WORK TASK:
Copy every entry below verbatim, except for images.
____________________
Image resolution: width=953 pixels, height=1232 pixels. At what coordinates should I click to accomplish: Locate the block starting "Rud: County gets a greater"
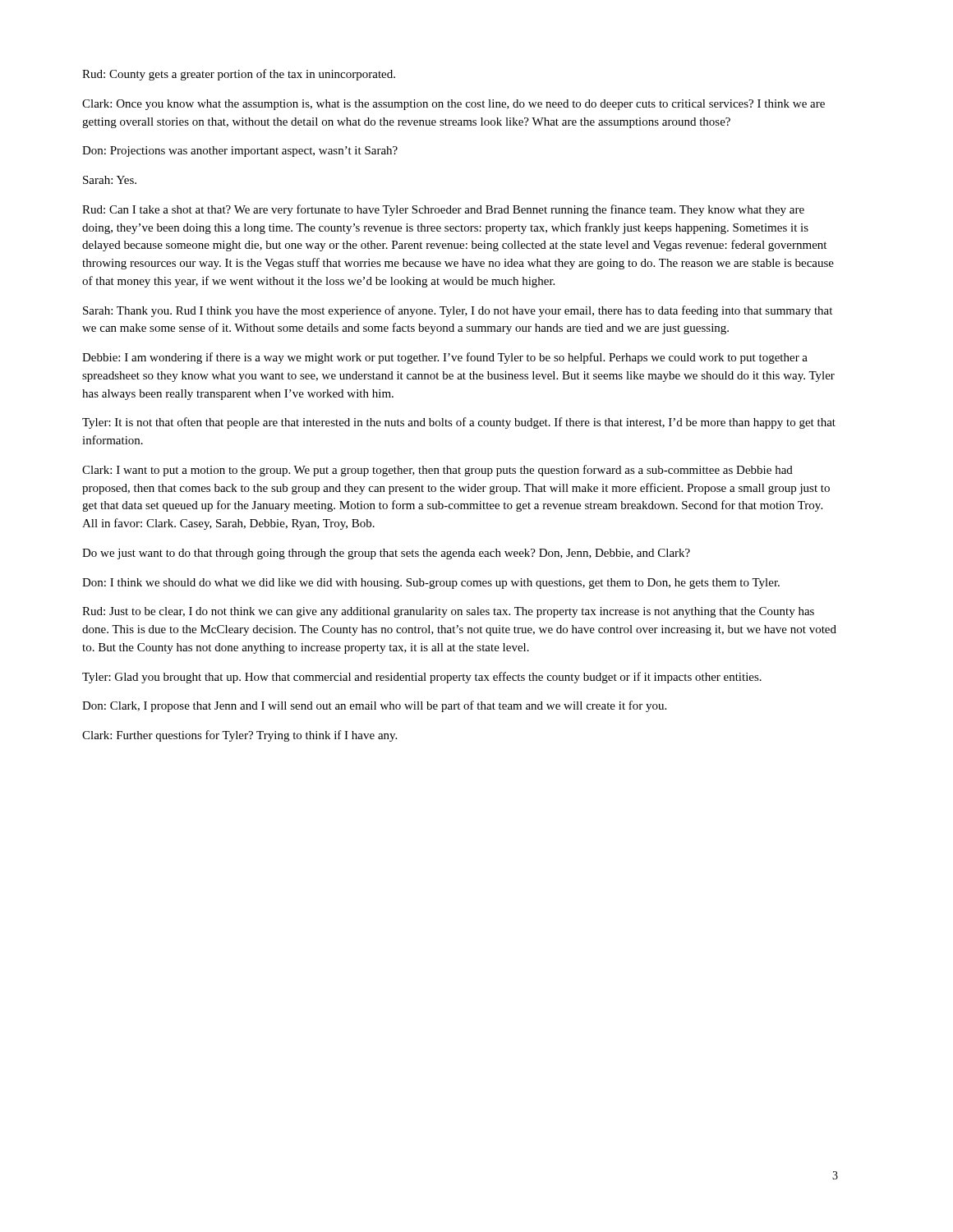239,74
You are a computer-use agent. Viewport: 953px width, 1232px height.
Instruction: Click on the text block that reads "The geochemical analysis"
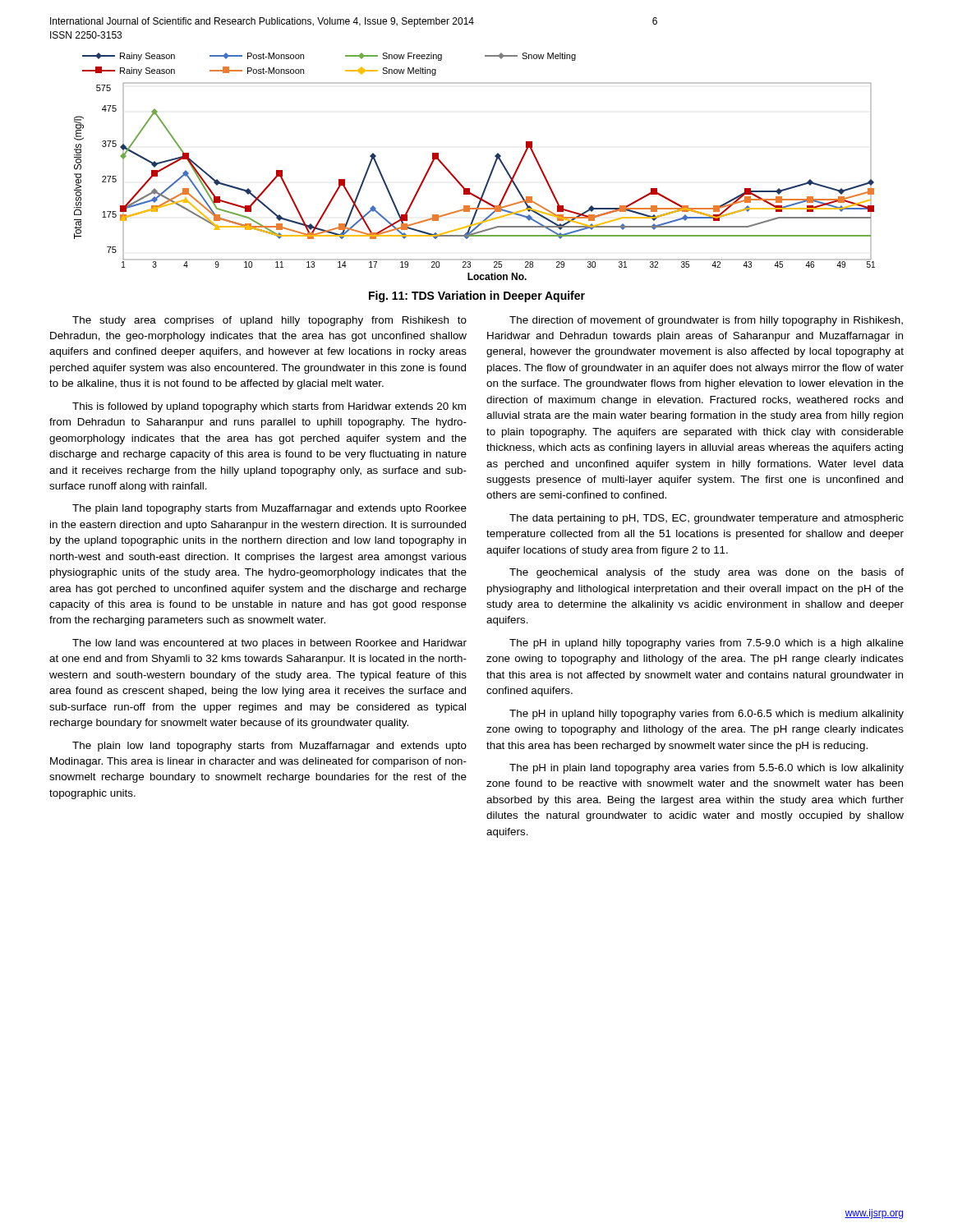click(x=695, y=596)
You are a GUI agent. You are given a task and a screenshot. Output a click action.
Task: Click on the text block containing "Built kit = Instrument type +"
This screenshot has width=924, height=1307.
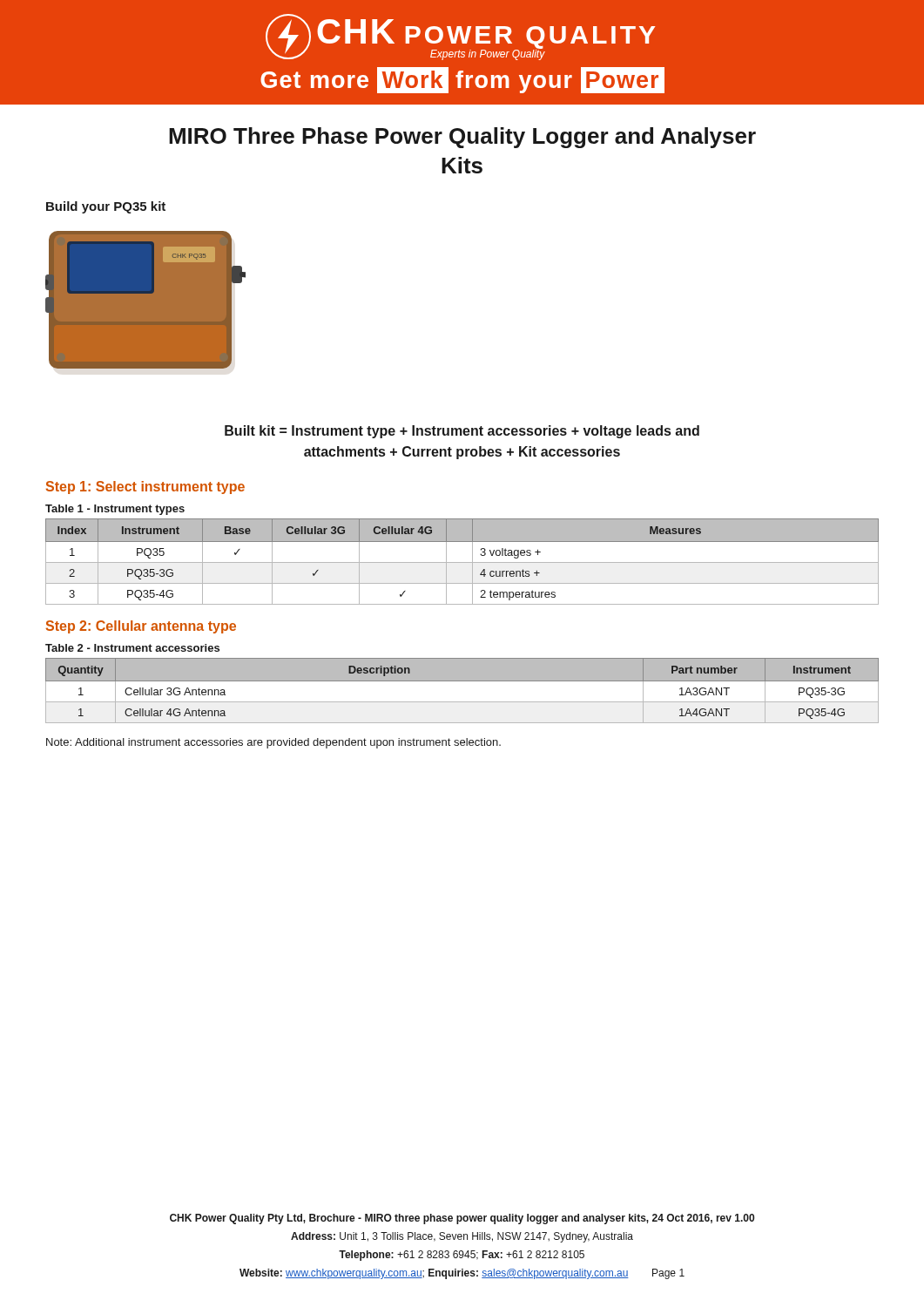462,441
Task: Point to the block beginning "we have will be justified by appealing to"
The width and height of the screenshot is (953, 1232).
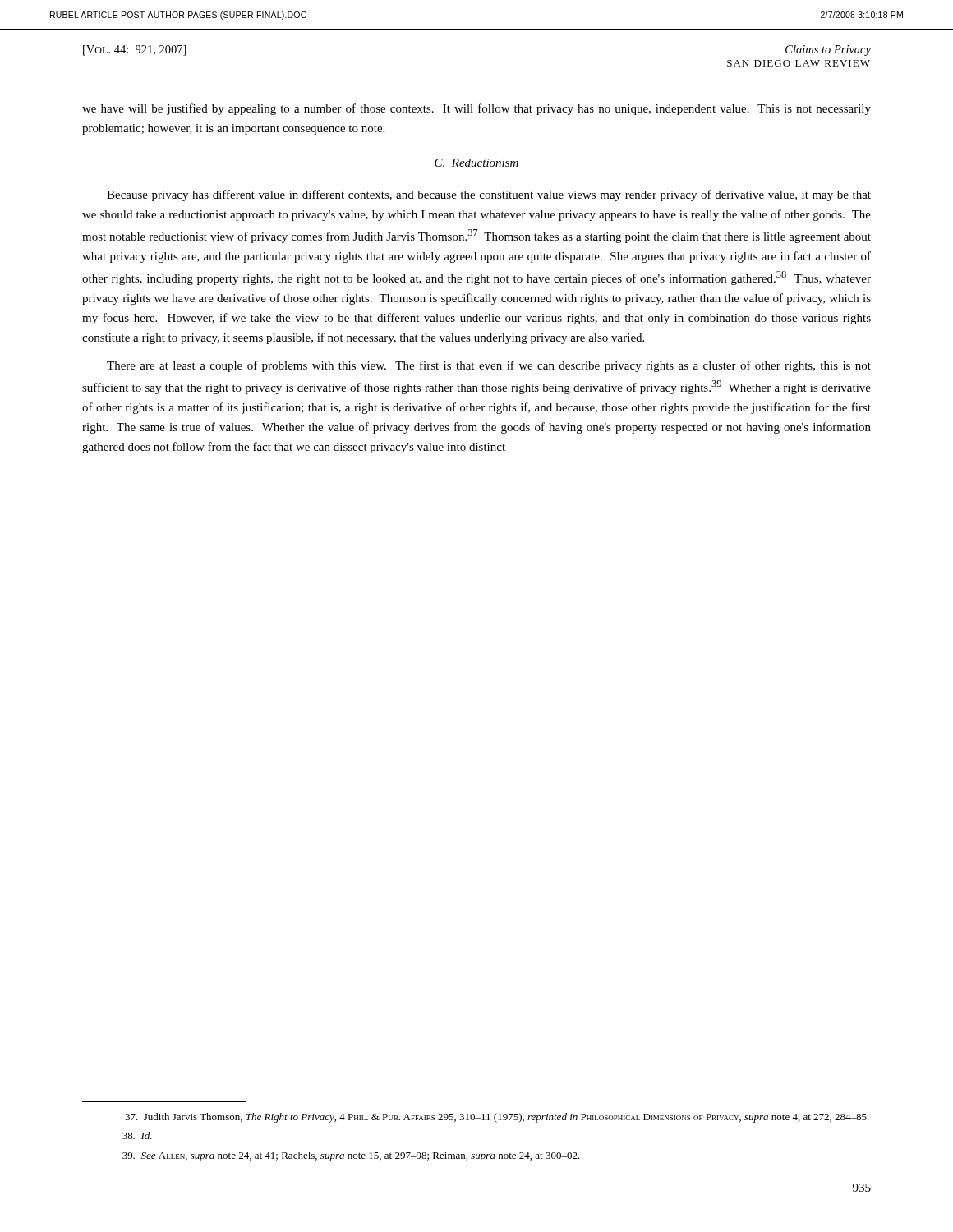Action: click(x=476, y=118)
____________________
REPLY TO THE EXERCISE:
Image resolution: width=953 pixels, height=1232 pixels. At what coordinates should I click to accomplish: Locate the block starting "Rud: County gets a greater"
239,74
You are a computer-use agent. Viewport: 953px width, 1232px height.
Instruction: Click on the text block that reads "The geochemical analysis"
click(x=695, y=596)
You are a GUI agent. You are given a task and a screenshot. Output a click action.
Task: Click on the text block containing "Built kit = Instrument type +"
This screenshot has width=924, height=1307.
462,441
Task: Point to the block beginning "we have will be justified by appealing to"
The width and height of the screenshot is (953, 1232).
Action: click(x=476, y=118)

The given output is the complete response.